Data items:
******************************
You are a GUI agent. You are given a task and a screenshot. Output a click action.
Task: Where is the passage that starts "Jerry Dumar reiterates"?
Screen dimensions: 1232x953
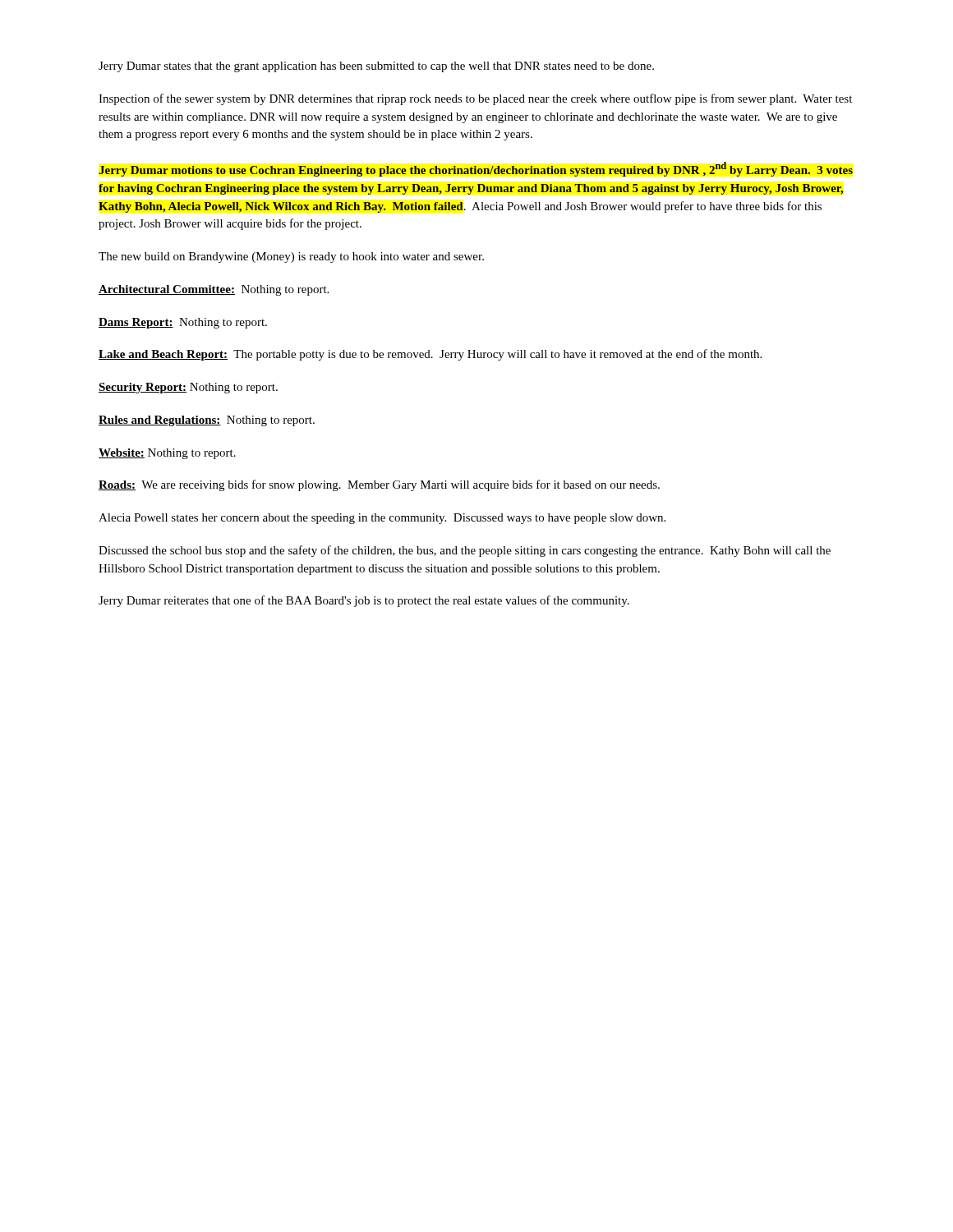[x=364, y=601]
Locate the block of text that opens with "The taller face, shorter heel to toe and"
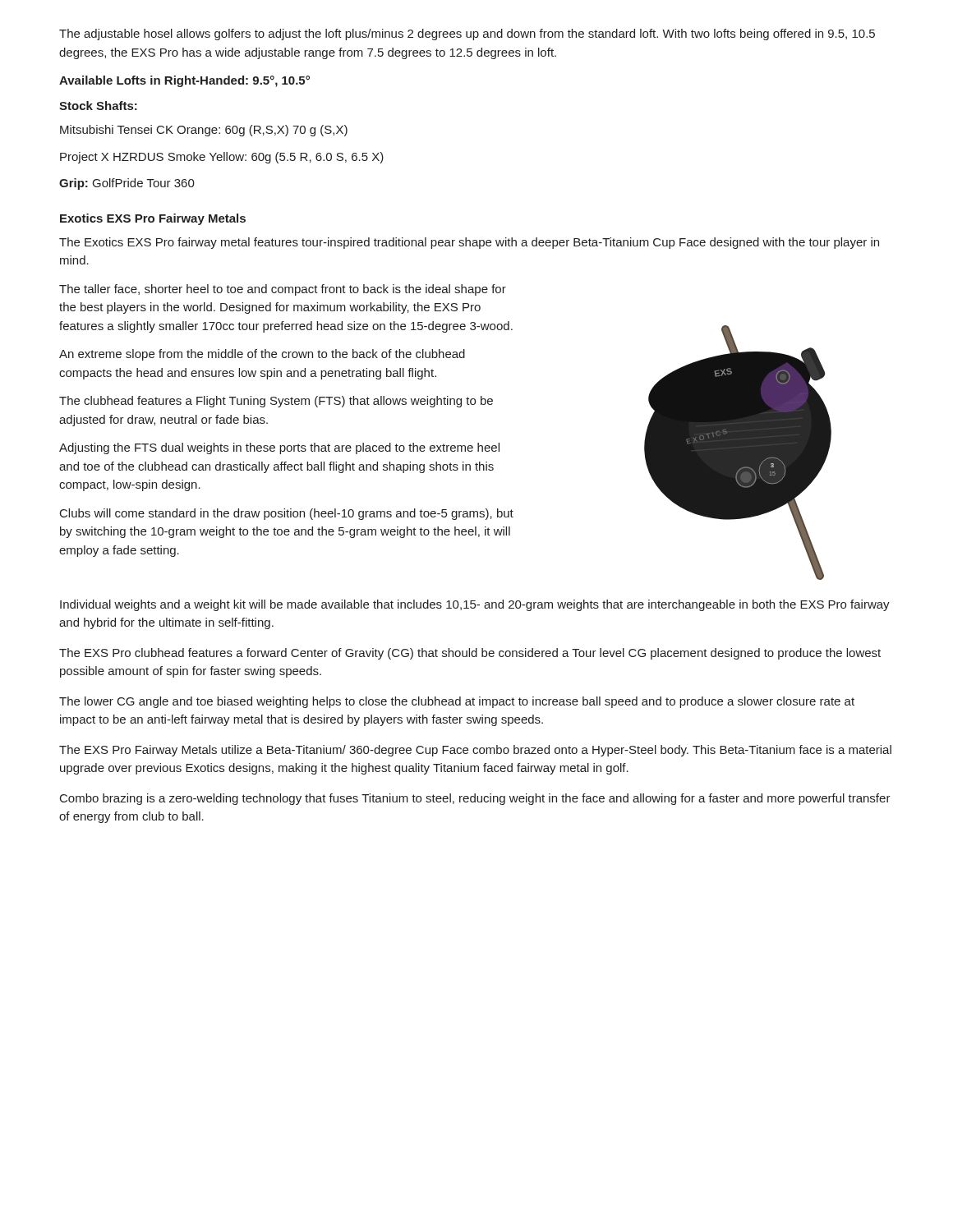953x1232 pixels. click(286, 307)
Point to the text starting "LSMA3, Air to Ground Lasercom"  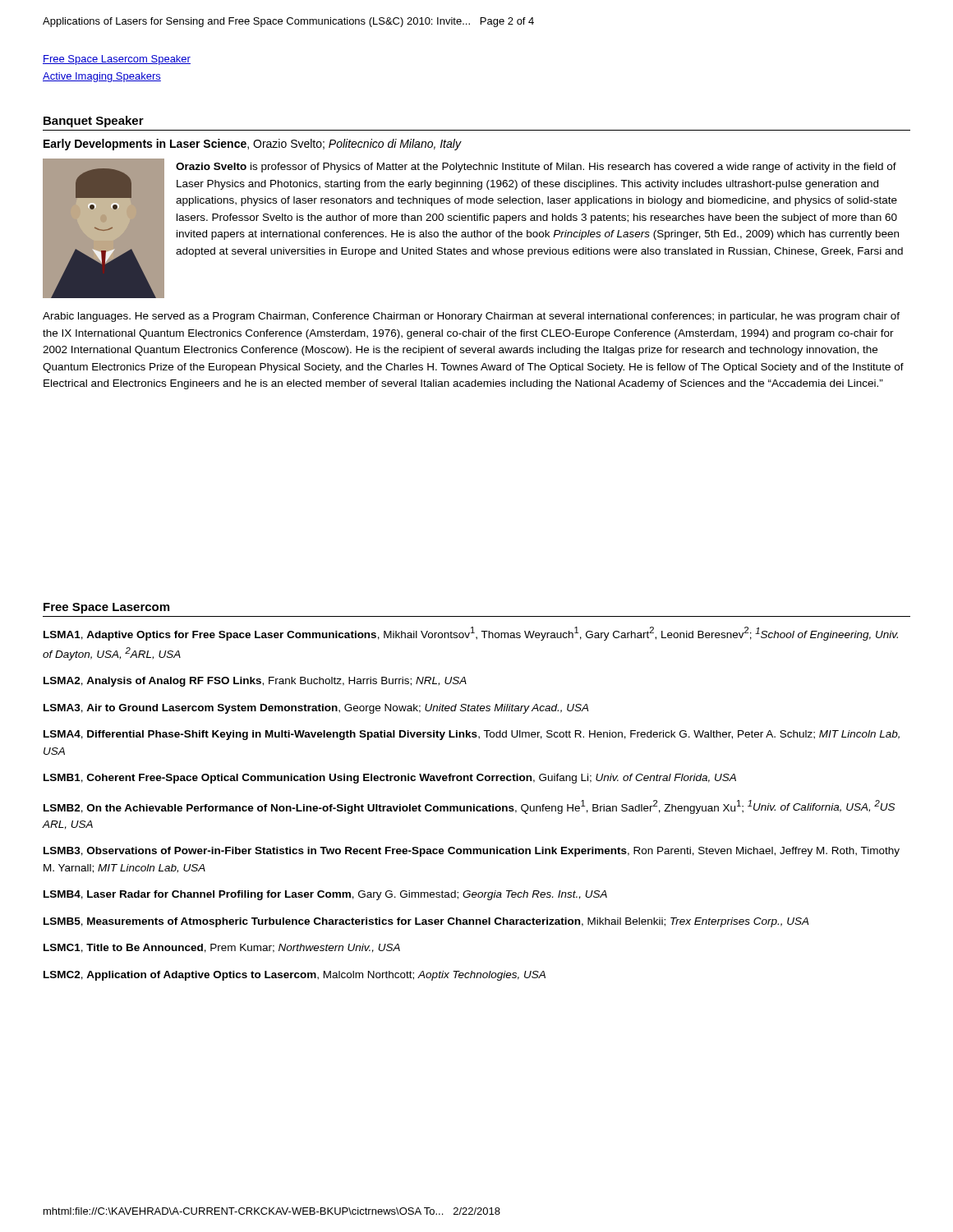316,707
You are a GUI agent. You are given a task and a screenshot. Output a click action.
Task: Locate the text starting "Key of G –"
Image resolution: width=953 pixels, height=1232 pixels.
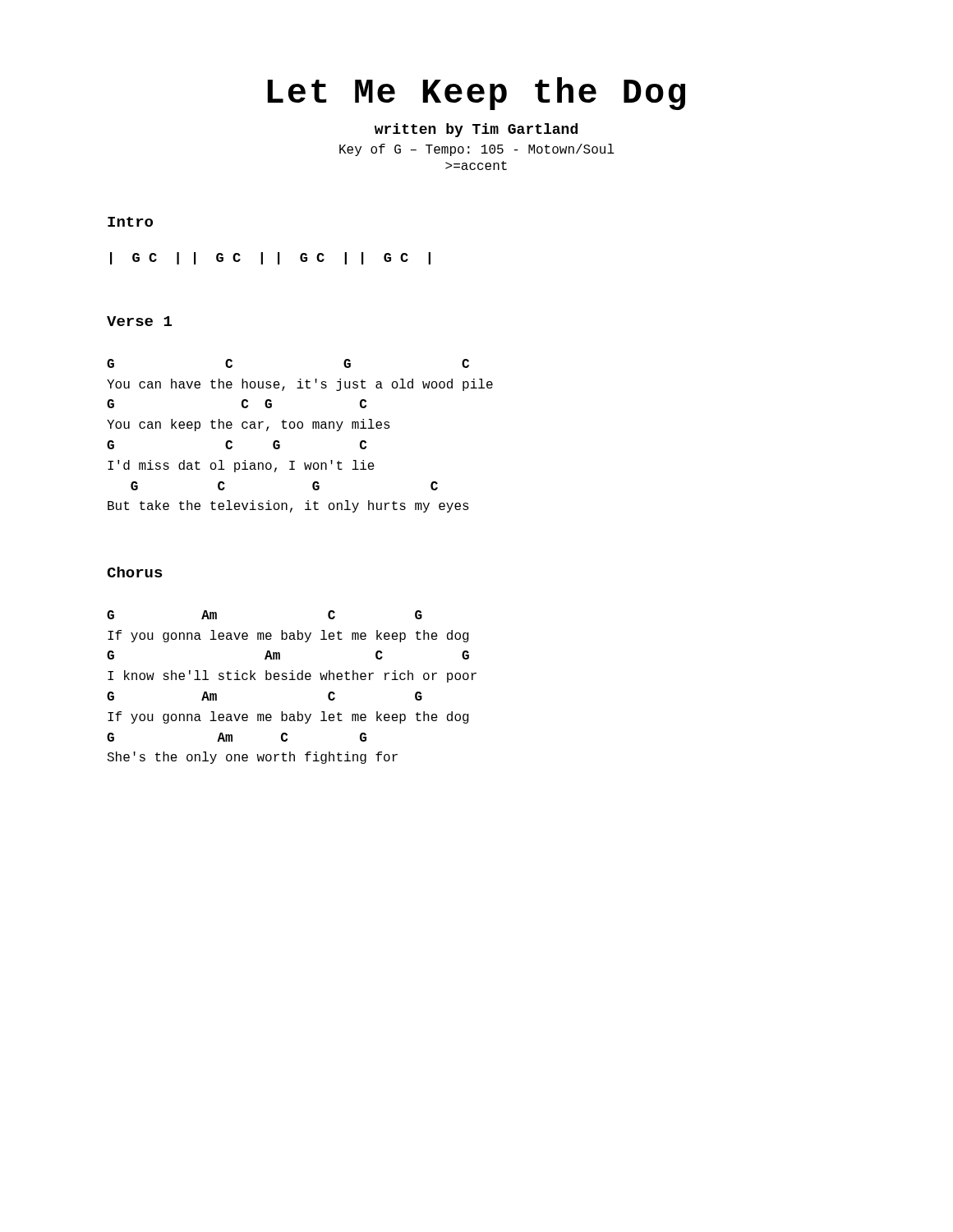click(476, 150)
******************************
Take the line that contains "Task: Locate the" and every line after it to the end of the records above; quote them exactly, leaving out the pictures.

The completed task:
Task: Locate the text starting "Key of G –"
Image resolution: width=953 pixels, height=1232 pixels.
click(476, 150)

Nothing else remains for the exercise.